1. Explain the significance of Mendel.
Gregor Mendel was the man who cleared up all misunderstandings about genes and its inheritance. His experiments with peas included tall pea stalks, short pea stalks, wrinkled peas, smooth peas, yellow ones, green ones, etc. He found that, when two true-bred peas were crossed, the offspring would look like one or the other, but when the offspring are further crossed, some traits that had been thought to disappear reappeared again. Before, people had thought that offspring were the perfect cross between their parents, i.e. if a brown rabbit mated with a white rabbit, their offspring would be tan. However, with Mendel's pea experiments, it was revealed that the features weren't the perfect cross, but only inherited some features from one parent and some from another.
2. Draw the structure of DNA and who discovered this structure.
DNA was officially known to be discovered by James Watson and Francis Crick, as they were the ones who proposed the double helix theory, but this is not the complete truth. They had taken a photo from Rosalind Franklin, who, after many years of research, had taken a picture of DNA that showed a double helix. Since Franklin would not give the photo to them, they instead asked her assistant, who unknowingly let them into the lab and let them take the photo.
3. Explain each of the five examples of variations that occur to DNA and give an example of each.
1) Point mutation: substitution of a single letter for another at a particular position in the polymer. For example, in whippet dogs, a single base pair change makes the difference between a slender silhouette and the hulking animal. The mutation inactivates the gene for a signaling molecule that regulates muscle growth. In animals with both copies of the gen mutated, muscle growth is uncontrolled for lack of “stop “ signal. When only one copy of the gene is disabled, the dogs are moderately more muscular and prized as racers.

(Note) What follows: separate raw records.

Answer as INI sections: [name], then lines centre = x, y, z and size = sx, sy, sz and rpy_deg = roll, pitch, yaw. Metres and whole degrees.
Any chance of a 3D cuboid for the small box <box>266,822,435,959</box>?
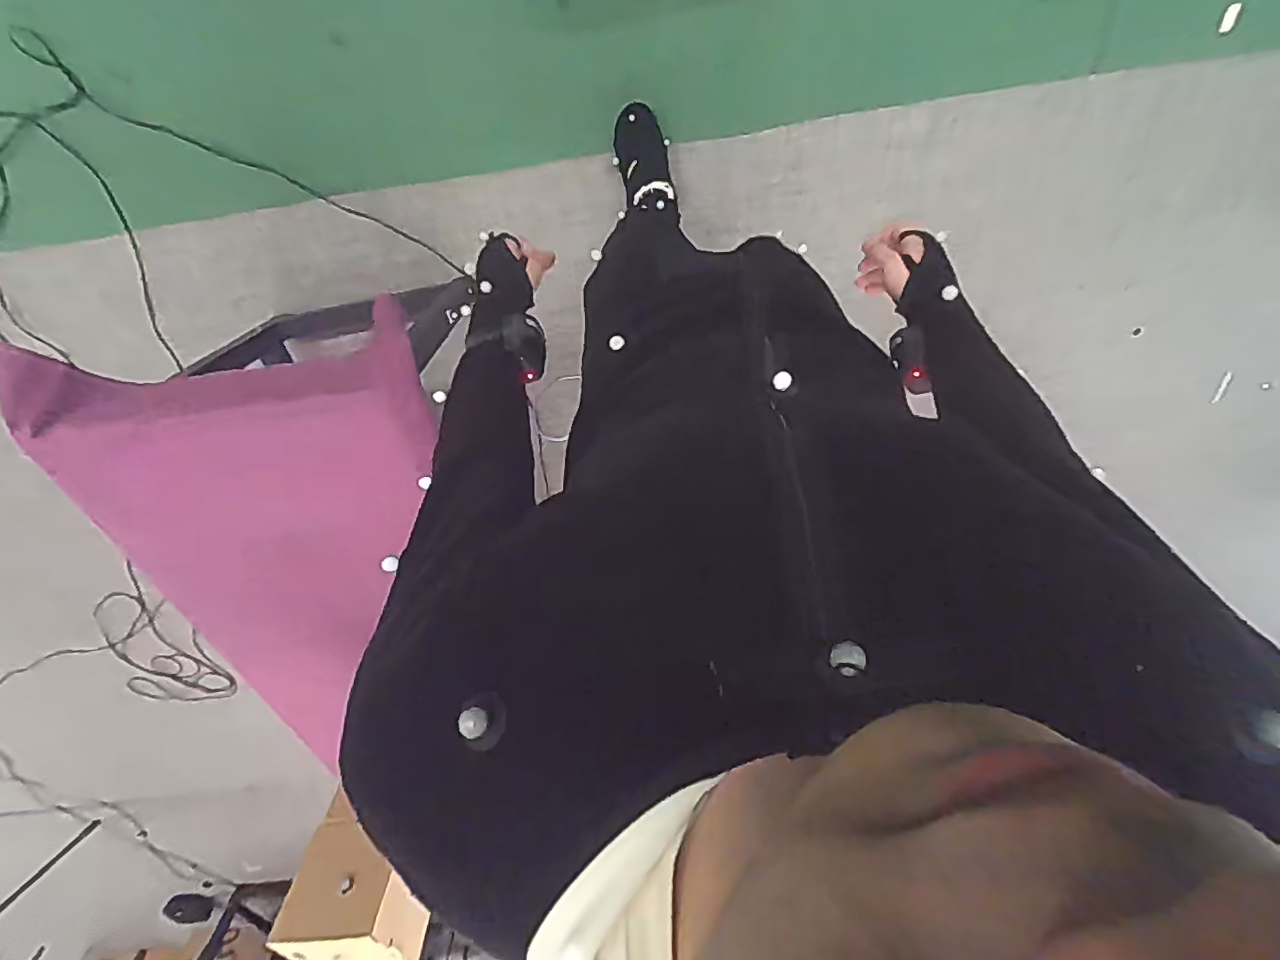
[small box]
centre = -0.468, 0.705, 0.914
size = 0.179, 0.176, 0.168
rpy_deg = -9, 123, 5

2) Duplication of new letters. Sequences containing the same base pair repeated eight or more times, known as homopolymers, are highly prone to copying errors. For example, in pigs, the gain of two additional C-G pairs in such a sequence inactivates a gene for a signal receptor in pigment cells producing light-colored coats. On the other hand, copying mistakes within individual cells may also cause the duplicated sequence to lose bases, restoring the gene’s function and producing dark patches on the body.
3) Gene copy number. Entire gens can be duplicated by copying errors during cell division, leading to differences between species and to variation among members of the same species. The genome of chimpanzees, which eat green plants, normally contains just a single gene of the starch-digesting enzyme salivary amylase, whereas humans can carry up to 10 copies of the gene.
4) Insertion of new letters. For example, in pea plants, an 800-base-pair sequence inserted into a gene produces peas that are wrinkled rather then smooth. The intruding DNA element disables a gene necessary for starch synthesis, altering the peas’ sugar and water content. Such mobile elements are seen in the genomes of most multicellular organisms, including humans.
5) Regulatory changes. Mutations in the DNA that controls when and where genes are activates can produce profound trait changes by altering the formation of entire body parts during the organism’s development. Changes in the regulatory regions of a single gene that controls patterns of cell division during stem development account for much of the shape difference between the bushy teostinte plant and its descendent, the tall modern cornstalk.
4. What is evo-devo?
It is a subspecialty within evolution that concentrates on studying the effects of changes in important developmental genes and what role they play in evolution.
5. Make a connection between human migration and the mutation of lactose intolerance.
Lactase, an enzyme produced in the intestines, helps infants and children to digest lactose in milk. However, this enzyme is only in children, so adults usually lose the ability to digest lactose-- only a small number of them can still digest it. In 2002, however, it was discovered that in East African and Saudi Arabian populations, who usually herd milk-producing animals, have the trait of lactose tolerance risen slowly but surely many times in the past 9,000 years. Therefore, as people from Africa started migrating to different areas 50,000 years ago, the trait of lactose tolerance was passed down through the Y chromosome, which is why it is traced in Europe, Saudi Arabia, and East Africa.